On this side of our graves, our victory can look an awful lot like defeat. That is why Paul emphasizes the “in Christ” stuff so much. It must be trusted and believed for Christ’s sake. In this world, you must walk by faith in Him and not by sight. For the victory Jesus gives looks like a Cross and a tomb. No matter what other people say about the victorious Christian life bringing success for all the world to see, most of the time it looks nothing like that. Paul describes it as being filled with failures, tribulations, distresses, persecutions, famines, nakedness, dangers and violence. Paul makes sure we know that this is not just his idea, but that the OT people said it too. Psalm 44 describes the godly life as facing death all day long. The sheep following Good Shepherd Jesus are seen as sheep being led to the slaughter. Hardly what the world would describe as victorious.

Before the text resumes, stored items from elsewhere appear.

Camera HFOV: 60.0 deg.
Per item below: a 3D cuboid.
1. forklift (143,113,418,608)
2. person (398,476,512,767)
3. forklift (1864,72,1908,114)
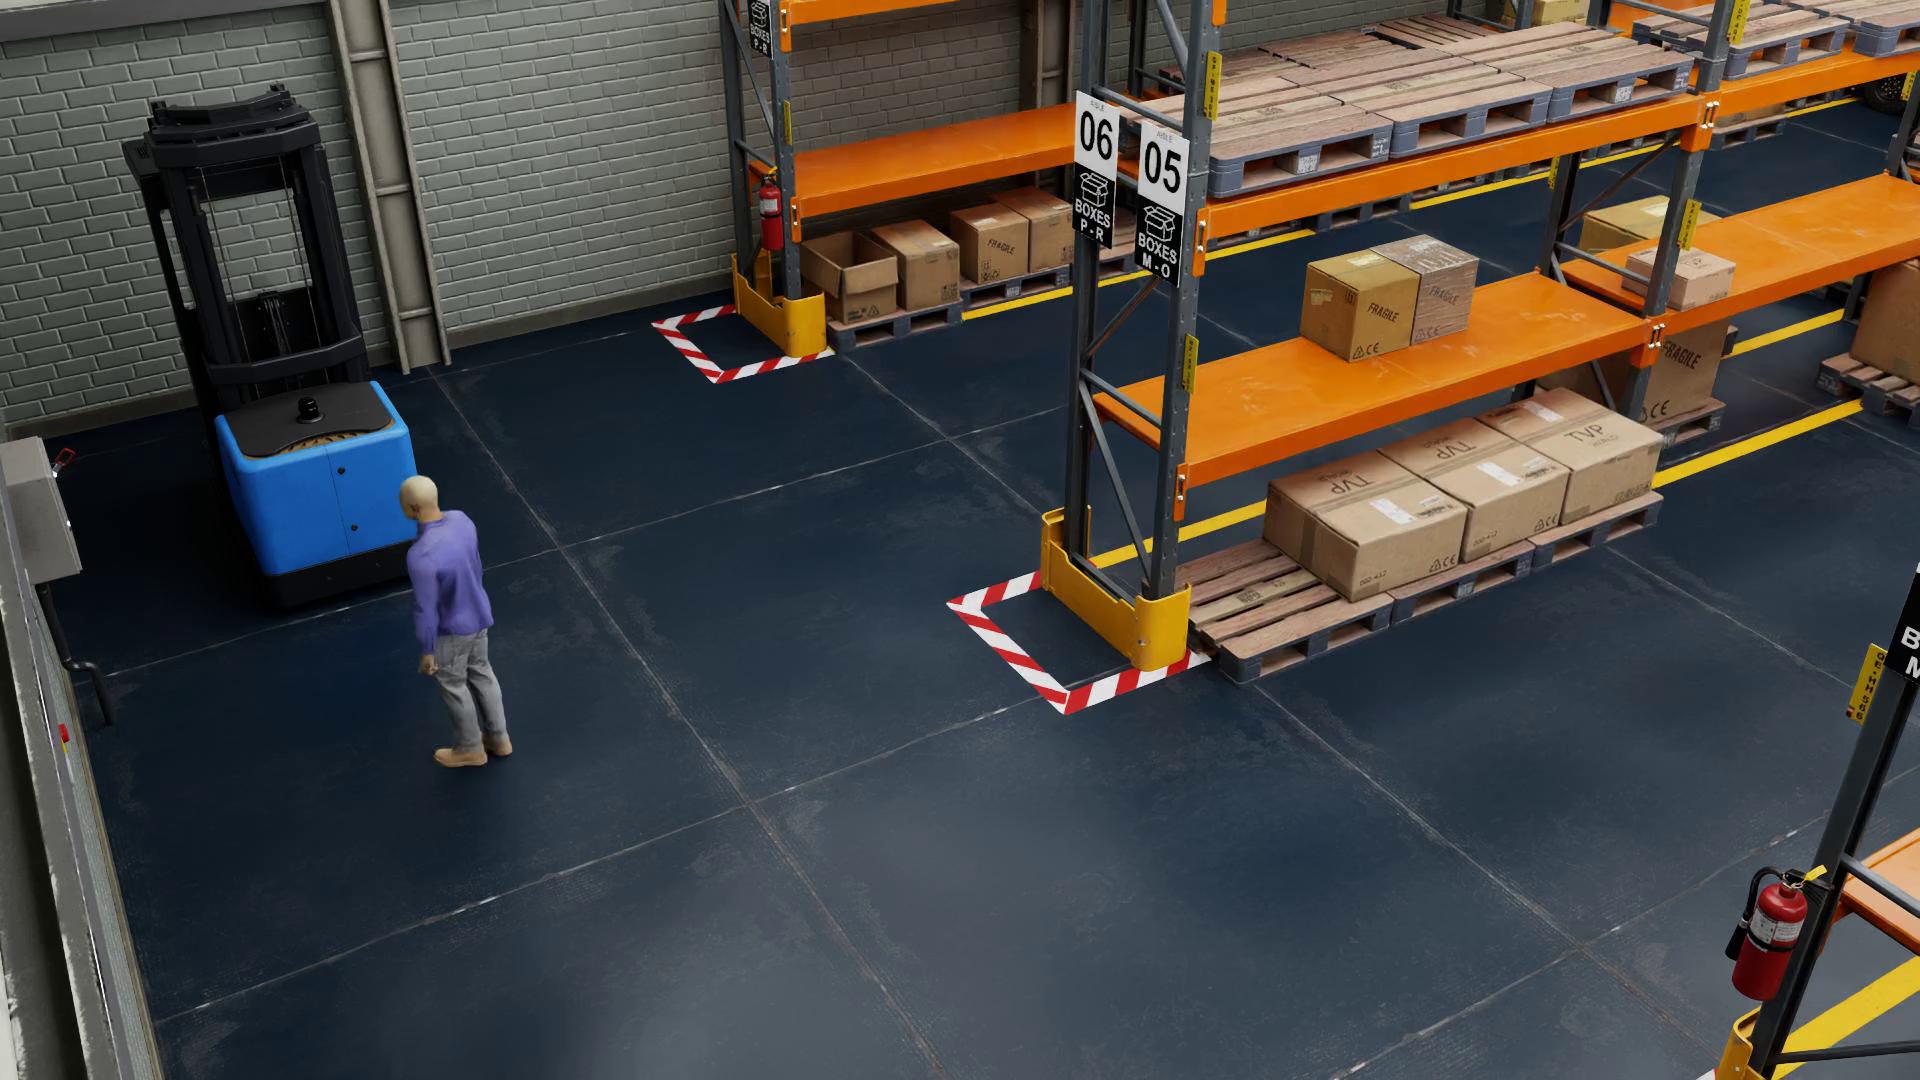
[{"bbox_3d":[-4.289,-1.259,10.509,1.129,2.768,1.873,-17,36,-26],"label":"forklift"},{"bbox_3d":[-2.656,0.453,8.771,0.435,1.786,0.620,8,33,13],"label":"person"},{"bbox_3d":[11.468,-5.645,18.244,1.214,2.155,2.313,-17,36,-26],"label":"forklift"}]

Thus Paul emphasizes how important it is for us to be in, with, and under Christ. For only there is your destiny, your justification, your glorification a done deal. At your baptism, God put you into the safest place there is – the death and life of Jesus. Only here is everything worked out for your good. Only here can you say to your dying day: “For I am sure that neither death nor life, nor angels nor rulers, nor things present nor things to come, nor powers, 39nor height nor depth, nor anything else in all creation, will be able to separate us from the love of God in Christ Jesus our Lord.” Amen.